A Casa do Douro tem uma parte dos seus vinhos hipotecada em várias frentes. A maior das frentes é a que depende do Tesouro Português, que lhe atribuiu um valor e a colocou na dependência “técnica” do Instituto dos Vinhos do Douro e Porto. Esta circunstância administrativa é nefasta para o Douro e para a sua Casa. E porquê?

Os vinhos da Casa do Douro não devem ser vinhos em comércio normal. Como um quadro de Picasso ou de Rembrandt, quem os tem conserva-os, ou quando alguém os quer vender os preços sobem em leilão da Christie’s.

Ora, o Estado Português é proprietário de uma imensa coleção de arte, espalhada pelos seus museus e serviços, e essa coleção tem um valor incalculável, tem o valor de não ter que ser vendida.

O que a direção da Casa do Douro, o Instituto do Vinho do Porto e o Ministério das Finanças deveriam fazer deveria ser, pois, a atribuição de um valor ao vinho fino do Douro em hipoteca que somasse o valor comercial ao valor simbólico dos diversos anos e colheitas e à história associada.

Estamos completamente certos de que esse valor será sempre muito superior ao que resulta das obrigações que a Casa do Douro tem para com os seus financiadores, fornecedores e, principalmente, para com os seus funcionários.

E como deveria ser contabilizado esse vinho? Como património não alienável do Estado, na dependência do IVDP, gerido de forma a poder prolongar-se no tempo e a poder ser memória viva e prestigiada do Estado Português.
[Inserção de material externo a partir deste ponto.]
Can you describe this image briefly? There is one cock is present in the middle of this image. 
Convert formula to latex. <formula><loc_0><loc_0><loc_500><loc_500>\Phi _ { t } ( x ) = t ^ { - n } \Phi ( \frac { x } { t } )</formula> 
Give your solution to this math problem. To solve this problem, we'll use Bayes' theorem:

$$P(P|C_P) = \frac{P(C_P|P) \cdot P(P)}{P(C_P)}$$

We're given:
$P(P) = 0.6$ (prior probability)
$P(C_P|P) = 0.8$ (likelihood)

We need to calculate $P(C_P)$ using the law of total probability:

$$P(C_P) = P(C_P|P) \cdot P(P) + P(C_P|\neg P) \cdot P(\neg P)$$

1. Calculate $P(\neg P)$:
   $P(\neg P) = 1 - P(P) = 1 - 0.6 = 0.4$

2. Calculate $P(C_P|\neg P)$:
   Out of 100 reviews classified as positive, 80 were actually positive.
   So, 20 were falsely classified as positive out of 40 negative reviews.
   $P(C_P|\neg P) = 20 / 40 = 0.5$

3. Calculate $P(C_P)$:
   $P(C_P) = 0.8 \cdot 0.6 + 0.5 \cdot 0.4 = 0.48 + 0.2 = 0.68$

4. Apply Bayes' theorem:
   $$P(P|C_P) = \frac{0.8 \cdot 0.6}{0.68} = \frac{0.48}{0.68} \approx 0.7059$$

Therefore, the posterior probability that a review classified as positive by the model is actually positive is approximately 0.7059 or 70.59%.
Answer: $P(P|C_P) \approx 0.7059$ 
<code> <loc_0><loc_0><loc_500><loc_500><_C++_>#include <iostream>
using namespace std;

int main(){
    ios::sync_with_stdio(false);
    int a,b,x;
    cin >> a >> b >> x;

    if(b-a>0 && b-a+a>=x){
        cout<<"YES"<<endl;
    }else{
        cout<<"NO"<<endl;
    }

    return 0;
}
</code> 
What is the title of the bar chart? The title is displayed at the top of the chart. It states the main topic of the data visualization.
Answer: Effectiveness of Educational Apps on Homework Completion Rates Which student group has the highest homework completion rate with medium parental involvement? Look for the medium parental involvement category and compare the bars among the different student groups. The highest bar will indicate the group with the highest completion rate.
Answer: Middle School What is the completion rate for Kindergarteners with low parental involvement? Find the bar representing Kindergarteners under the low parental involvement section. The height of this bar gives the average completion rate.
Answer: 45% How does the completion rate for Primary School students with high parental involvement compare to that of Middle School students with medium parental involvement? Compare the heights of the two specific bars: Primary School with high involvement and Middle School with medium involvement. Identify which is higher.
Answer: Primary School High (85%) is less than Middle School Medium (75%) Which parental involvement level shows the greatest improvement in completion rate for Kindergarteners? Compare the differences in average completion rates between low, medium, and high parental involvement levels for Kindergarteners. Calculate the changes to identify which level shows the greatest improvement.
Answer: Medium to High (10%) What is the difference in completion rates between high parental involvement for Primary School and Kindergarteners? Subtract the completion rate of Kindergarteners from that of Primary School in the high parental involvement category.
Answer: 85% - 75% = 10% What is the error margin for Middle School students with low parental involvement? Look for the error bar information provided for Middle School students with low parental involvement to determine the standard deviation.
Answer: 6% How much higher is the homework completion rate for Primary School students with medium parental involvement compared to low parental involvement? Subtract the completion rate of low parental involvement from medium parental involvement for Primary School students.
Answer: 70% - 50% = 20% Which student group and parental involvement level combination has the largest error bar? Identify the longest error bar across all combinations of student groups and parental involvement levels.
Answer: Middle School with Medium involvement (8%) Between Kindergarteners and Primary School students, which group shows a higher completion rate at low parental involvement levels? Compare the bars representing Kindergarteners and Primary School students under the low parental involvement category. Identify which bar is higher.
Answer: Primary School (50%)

Aproximando-se a eleição da nova direção da Casa do Douro, havendo necessidade de se voltar a por na ordem do dia o problema da sustentabilidade desta instituição, só uma solução como a que propomos pode salvar a situação. E talvez tenhamos um ponto de partida para uma negociação que sempre dependerá do entendimento que o Ministério das Finanças tiver do valor do património vinícola do último século. Façamo-lo entender que o Vinho do Porto não é só o dos rótulos suspeitos colocados em fila nas linhas de venda de qualquer grande superfície…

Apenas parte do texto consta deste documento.